> [Your goal]
Pictures are to be left out, and only the lines from the one with "Output: a Markdown" through the last line of the listing below are to be repeated exactly.

> [Information provided]
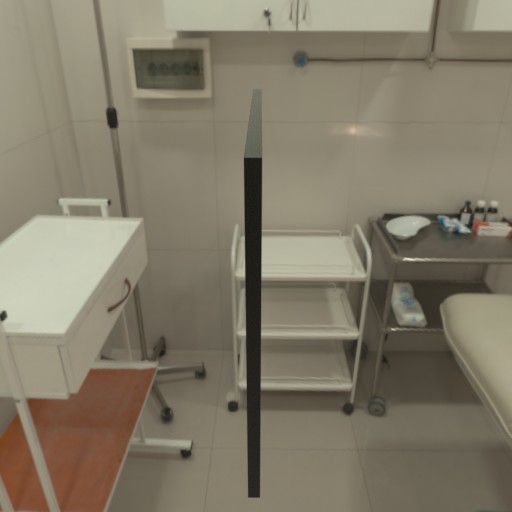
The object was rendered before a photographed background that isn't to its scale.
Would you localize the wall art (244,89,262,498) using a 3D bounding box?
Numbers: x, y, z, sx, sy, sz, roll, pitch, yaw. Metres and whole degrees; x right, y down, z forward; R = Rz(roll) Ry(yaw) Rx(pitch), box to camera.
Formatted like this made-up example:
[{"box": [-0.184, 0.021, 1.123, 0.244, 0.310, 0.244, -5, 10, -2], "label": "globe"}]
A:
[{"box": [0.000, 0.000, 0.525, 0.012, 0.332, 0.383, 0, 27, 1], "label": "wall art"}]
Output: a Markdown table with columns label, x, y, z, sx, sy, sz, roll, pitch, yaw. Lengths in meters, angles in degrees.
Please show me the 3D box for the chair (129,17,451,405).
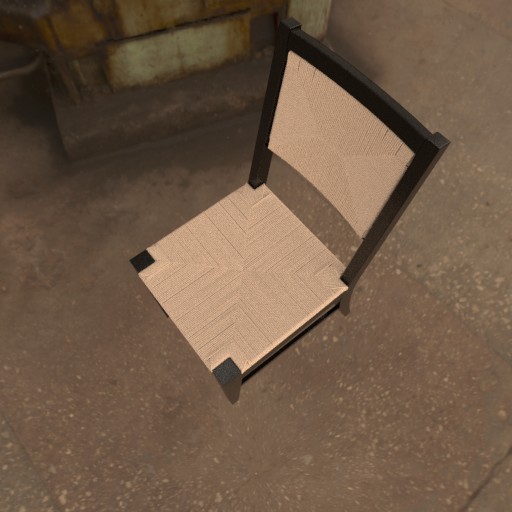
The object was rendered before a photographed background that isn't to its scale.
| label | x | y | z | sx | sy | sz | roll | pitch | yaw |
| --- | --- | --- | --- | --- | --- | --- | --- | --- | --- |
| chair | 0.000 | 0.000 | 1.196 | 0.552 | 0.927 | 0.437 | -36 | 69 | -16 |
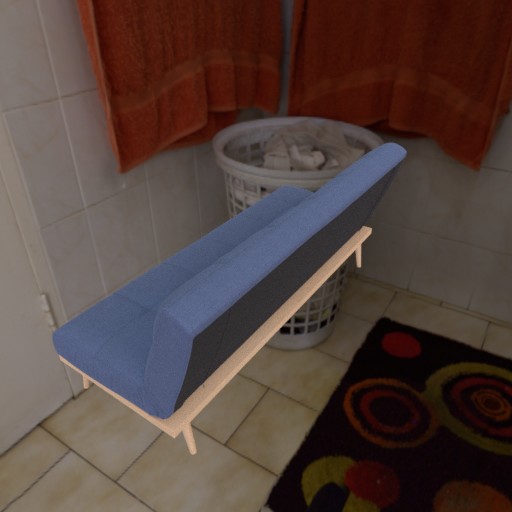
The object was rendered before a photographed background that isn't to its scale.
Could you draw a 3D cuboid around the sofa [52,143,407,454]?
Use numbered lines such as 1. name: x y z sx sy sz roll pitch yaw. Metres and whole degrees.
1. sofa: 0.000 0.000 2.187 0.796 0.800 1.800 20 38 29
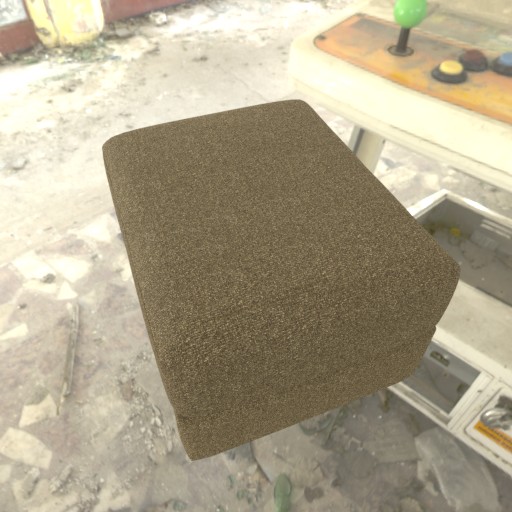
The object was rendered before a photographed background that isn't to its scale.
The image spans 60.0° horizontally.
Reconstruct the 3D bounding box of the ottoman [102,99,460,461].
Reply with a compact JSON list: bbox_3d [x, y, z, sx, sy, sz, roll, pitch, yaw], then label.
[{"bbox_3d":[0.000,0.000,1.117,0.598,0.476,0.742,-16,49,-14],"label":"ottoman"}]

> [Finished task]
Output: a Markdown table with columns label, x, y, z, sx, sy, sz, roll, pitch, yaw. Lengths in meters, angles in degrees.
Please show me the 3D box for the chair (129,17,451,405).
The object was rendered before a photographed background that isn't to its scale.
| label | x | y | z | sx | sy | sz | roll | pitch | yaw |
| --- | --- | --- | --- | --- | --- | --- | --- | --- | --- |
| chair | 0.000 | 0.000 | 1.196 | 0.552 | 0.927 | 0.437 | -36 | 69 | -16 |
The object was rendered before a photographed background that isn't to its scale.
Could you draw a 3D cuboid around the sofa [52,143,407,454]?
Use numbered lines such as 1. name: x y z sx sy sz roll pitch yaw. Metres and whole degrees.
1. sofa: 0.000 0.000 2.187 0.796 0.800 1.800 20 38 29
The object was rendered before a photographed background that isn't to its scale.
The image spans 60.0° horizontally.
Reconstruct the 3D bounding box of the ottoman [102,99,460,461].
Reply with a compact JSON list: bbox_3d [x, y, z, sx, sy, sz, roll, pitch, yaw], then label.
[{"bbox_3d":[0.000,0.000,1.117,0.598,0.476,0.742,-16,49,-14],"label":"ottoman"}]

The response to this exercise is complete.